I can't pinpoint exactly how things have already changed, although I know there's been a turning away from negativity. There've been moments of despair and frustration, particularly involving Matty's work, T's behavior and the ever-heavy financial burdens that never seem to improve significantly. All of these things, along with the negativity of several particular individuals has weighed heavily on me as of late. What I've realized just recently is that it's not these influences that have become louder, but the amount of volume I've allowed them to have in my universe.
Each day, Arwen eats first. A nod to her queen-bee status. She is the Elder, the Deserving, the First. Nyxie can't help but voice her displeasure. She'll whine softly from the other room, impatiently awaiting her chance at yummies. Arwen's focus is like an arrow knocked on me. There exists nothing in her world save the singular (yet complicated) act of creating and serving her dinner. Her blue eyes trained on me, watching my every move. There exists no whining, she is the only dog on the planet. What I see in those ice blue eyes is hope and focus. She has a goal and she will not stop until it's won. Poor Nyxie in the other room, seemingly forgotten. But she's far from forgotten. Arwen is quite aware of her and if I were to bring Nyxie into the room, Arwen would shoulder her away and let her know in no uncertain terms that she is in the way!

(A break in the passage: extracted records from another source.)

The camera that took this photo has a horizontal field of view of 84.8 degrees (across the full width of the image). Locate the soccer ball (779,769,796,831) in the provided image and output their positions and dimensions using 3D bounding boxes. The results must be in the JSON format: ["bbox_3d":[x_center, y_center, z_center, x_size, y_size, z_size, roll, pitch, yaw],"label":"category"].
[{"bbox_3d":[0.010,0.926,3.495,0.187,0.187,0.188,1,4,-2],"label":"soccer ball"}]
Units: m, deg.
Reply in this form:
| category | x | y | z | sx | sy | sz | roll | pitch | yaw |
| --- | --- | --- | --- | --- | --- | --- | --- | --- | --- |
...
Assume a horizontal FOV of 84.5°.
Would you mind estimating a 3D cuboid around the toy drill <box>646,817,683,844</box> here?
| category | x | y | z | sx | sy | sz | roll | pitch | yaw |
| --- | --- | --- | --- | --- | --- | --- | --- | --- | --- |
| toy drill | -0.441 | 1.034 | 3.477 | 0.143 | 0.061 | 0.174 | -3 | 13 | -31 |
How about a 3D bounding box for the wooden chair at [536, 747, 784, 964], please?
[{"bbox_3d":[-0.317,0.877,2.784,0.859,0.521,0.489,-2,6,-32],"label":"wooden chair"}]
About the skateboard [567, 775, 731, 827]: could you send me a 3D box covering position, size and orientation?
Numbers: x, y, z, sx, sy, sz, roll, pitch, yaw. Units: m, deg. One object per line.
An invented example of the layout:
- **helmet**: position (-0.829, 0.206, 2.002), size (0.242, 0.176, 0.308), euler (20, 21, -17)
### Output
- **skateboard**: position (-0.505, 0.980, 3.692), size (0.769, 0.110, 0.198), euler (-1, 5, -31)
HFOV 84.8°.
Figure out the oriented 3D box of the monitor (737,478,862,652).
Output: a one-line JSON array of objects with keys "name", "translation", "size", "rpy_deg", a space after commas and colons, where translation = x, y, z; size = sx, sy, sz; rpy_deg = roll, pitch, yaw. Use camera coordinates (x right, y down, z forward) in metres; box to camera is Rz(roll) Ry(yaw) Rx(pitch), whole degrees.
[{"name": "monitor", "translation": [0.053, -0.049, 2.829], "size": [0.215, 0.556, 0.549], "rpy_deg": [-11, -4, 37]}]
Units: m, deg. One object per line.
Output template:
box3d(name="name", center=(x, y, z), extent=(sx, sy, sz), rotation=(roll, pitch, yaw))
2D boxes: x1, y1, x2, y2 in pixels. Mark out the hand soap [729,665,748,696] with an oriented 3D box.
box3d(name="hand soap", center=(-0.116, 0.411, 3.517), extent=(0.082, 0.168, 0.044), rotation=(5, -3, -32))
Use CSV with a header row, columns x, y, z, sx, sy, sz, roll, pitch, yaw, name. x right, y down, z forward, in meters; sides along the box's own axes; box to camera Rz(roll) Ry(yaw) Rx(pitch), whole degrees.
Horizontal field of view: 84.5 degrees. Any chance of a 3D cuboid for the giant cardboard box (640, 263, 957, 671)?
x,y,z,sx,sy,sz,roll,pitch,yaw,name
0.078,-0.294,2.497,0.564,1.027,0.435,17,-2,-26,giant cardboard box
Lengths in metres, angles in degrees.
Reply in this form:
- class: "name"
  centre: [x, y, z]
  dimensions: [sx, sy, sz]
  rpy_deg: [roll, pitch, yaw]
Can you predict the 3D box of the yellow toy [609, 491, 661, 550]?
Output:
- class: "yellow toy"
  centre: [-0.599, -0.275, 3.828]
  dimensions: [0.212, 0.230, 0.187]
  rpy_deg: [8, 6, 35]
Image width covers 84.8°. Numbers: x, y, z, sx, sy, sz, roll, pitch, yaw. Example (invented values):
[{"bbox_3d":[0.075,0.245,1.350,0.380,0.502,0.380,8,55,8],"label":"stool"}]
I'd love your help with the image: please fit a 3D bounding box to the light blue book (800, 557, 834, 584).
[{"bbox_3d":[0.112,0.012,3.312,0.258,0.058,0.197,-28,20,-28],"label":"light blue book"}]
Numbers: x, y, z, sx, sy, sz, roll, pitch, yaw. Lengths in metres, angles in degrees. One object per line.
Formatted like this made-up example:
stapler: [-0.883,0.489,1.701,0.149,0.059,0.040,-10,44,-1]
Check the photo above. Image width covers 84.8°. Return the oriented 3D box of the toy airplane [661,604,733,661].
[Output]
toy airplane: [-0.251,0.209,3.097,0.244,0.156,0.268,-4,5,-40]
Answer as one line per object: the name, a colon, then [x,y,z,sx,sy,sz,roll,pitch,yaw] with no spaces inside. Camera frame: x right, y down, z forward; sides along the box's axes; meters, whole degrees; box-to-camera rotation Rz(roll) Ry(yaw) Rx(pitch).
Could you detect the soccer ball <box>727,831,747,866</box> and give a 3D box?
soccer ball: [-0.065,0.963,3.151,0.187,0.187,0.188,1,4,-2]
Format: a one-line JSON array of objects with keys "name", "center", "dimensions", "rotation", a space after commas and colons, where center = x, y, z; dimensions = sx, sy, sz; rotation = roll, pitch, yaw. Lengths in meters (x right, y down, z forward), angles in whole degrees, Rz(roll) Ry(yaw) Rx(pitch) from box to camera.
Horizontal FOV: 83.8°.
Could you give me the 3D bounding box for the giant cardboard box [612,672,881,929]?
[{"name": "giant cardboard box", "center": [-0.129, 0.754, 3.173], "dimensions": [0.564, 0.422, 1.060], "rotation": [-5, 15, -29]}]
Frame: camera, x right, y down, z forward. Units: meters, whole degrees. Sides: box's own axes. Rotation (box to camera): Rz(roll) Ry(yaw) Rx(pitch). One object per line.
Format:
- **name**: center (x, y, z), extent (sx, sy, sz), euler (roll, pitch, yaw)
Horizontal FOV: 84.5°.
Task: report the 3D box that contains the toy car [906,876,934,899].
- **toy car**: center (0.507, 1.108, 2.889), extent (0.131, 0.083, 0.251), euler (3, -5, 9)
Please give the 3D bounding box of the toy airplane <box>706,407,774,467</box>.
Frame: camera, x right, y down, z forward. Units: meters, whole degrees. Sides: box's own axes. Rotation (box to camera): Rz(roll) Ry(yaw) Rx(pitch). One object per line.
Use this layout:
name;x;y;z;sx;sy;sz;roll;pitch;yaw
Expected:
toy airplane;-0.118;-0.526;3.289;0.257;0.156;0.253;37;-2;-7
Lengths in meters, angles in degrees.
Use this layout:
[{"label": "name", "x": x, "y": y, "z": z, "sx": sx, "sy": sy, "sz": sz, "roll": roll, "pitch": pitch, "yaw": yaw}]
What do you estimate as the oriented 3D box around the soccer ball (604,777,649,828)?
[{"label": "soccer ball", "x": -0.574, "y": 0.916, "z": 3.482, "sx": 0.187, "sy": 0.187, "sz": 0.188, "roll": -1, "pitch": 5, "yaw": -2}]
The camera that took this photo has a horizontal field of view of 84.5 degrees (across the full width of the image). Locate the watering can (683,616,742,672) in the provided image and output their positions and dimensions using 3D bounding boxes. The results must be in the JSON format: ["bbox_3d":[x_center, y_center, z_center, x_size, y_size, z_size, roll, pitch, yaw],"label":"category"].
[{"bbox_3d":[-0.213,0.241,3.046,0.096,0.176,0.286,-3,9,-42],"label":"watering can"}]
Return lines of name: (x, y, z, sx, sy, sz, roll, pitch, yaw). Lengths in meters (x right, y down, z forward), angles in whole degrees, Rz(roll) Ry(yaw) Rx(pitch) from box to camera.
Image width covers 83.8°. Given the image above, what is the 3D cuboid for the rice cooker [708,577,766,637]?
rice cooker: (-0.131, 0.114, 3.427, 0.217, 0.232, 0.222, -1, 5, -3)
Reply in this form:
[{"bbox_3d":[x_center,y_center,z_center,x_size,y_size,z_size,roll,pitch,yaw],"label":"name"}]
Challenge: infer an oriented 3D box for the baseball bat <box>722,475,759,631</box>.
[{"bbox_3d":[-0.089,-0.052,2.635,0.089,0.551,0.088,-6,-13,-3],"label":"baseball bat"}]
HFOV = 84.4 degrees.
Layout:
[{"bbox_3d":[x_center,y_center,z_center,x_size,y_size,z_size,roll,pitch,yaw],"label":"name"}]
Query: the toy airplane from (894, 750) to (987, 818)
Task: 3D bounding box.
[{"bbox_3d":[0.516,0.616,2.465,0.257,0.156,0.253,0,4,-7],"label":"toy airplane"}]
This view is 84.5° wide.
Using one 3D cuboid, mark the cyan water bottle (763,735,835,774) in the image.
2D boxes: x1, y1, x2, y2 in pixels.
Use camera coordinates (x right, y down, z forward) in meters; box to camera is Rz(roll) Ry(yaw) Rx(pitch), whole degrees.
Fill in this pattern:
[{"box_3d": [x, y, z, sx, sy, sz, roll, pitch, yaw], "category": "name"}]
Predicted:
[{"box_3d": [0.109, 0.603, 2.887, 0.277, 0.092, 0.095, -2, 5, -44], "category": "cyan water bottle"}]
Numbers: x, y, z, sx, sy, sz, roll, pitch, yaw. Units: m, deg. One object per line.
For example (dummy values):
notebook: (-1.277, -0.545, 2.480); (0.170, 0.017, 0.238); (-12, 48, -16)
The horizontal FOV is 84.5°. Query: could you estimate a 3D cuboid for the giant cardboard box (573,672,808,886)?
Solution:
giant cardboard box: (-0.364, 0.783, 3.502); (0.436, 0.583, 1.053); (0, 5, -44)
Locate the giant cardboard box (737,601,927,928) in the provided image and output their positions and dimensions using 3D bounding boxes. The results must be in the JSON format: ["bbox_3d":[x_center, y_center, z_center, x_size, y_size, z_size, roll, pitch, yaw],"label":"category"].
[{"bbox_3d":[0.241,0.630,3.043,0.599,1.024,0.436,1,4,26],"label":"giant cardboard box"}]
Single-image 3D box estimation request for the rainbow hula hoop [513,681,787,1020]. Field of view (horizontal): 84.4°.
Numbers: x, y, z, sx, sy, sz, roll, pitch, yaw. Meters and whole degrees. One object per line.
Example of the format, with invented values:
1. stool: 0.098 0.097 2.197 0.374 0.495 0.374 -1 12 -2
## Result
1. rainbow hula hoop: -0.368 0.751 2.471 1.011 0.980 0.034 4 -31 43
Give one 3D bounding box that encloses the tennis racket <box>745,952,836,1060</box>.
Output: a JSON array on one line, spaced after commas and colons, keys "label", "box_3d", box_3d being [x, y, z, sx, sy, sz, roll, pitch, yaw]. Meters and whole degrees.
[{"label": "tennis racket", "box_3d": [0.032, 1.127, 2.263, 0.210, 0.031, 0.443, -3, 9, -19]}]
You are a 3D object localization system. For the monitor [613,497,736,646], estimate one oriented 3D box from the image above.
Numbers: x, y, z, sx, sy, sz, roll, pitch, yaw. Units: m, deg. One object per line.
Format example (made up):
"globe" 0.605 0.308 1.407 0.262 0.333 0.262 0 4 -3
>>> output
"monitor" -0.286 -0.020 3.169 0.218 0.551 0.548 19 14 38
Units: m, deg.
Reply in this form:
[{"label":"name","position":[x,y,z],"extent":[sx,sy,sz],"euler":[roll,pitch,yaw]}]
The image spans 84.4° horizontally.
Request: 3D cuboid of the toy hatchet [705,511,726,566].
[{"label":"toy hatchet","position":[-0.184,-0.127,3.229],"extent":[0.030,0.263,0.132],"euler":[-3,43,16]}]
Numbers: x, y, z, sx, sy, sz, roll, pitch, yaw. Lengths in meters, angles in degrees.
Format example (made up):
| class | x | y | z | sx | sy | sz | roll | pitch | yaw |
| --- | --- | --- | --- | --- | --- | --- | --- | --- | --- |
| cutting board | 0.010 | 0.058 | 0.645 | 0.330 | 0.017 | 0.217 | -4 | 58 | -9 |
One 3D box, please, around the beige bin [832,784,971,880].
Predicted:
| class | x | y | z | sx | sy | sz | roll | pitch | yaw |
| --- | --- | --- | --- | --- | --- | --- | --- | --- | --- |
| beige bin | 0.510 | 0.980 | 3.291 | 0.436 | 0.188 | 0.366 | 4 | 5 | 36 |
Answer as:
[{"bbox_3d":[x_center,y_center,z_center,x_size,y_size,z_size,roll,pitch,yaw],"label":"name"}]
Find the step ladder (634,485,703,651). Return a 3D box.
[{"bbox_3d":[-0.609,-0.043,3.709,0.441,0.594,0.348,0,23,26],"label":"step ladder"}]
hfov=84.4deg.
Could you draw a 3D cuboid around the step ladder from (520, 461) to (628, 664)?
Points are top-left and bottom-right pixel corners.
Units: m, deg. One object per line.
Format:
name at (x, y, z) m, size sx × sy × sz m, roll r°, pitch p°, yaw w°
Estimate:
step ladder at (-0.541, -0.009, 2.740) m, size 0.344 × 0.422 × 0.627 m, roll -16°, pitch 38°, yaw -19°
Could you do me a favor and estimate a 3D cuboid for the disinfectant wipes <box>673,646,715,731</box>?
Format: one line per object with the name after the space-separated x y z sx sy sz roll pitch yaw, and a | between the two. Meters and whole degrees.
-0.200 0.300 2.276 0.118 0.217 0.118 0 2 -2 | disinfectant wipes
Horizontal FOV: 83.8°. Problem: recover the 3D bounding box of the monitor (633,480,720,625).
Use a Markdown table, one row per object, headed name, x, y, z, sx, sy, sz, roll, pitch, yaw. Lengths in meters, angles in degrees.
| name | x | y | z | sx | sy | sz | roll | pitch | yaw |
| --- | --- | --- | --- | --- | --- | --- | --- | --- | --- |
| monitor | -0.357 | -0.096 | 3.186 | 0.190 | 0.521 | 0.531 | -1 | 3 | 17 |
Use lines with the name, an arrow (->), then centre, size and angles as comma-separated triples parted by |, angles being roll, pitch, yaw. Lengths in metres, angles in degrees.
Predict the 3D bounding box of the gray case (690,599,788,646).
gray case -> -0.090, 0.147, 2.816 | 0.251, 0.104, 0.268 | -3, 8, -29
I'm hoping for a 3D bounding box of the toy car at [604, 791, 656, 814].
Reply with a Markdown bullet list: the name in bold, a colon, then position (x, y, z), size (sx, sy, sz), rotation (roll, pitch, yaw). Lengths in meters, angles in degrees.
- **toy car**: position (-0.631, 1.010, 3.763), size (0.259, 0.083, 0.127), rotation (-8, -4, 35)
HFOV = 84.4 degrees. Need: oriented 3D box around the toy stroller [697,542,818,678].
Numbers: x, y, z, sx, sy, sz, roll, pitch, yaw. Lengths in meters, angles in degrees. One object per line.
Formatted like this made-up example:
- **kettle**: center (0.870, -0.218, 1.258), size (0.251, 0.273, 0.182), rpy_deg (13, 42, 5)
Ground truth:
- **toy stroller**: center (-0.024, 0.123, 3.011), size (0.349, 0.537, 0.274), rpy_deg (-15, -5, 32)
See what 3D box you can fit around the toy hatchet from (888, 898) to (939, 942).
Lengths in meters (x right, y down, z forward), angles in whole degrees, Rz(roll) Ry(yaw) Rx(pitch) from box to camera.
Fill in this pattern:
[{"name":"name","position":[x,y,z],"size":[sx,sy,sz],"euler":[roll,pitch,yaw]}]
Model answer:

There are goals that I've formed for the coming year. Spiritual, professional and financial. Like Arwen, I must have this singular focus. There will be distractions, there might be negativity, but how much of this do I allow in? Can I keep my eyes forward and shoulder away intrusions? A born leader, Arwen's a great example. Even the whining from the next room can be ignored. I am looking forward, with the hope and focus of a Husky at dinnertime.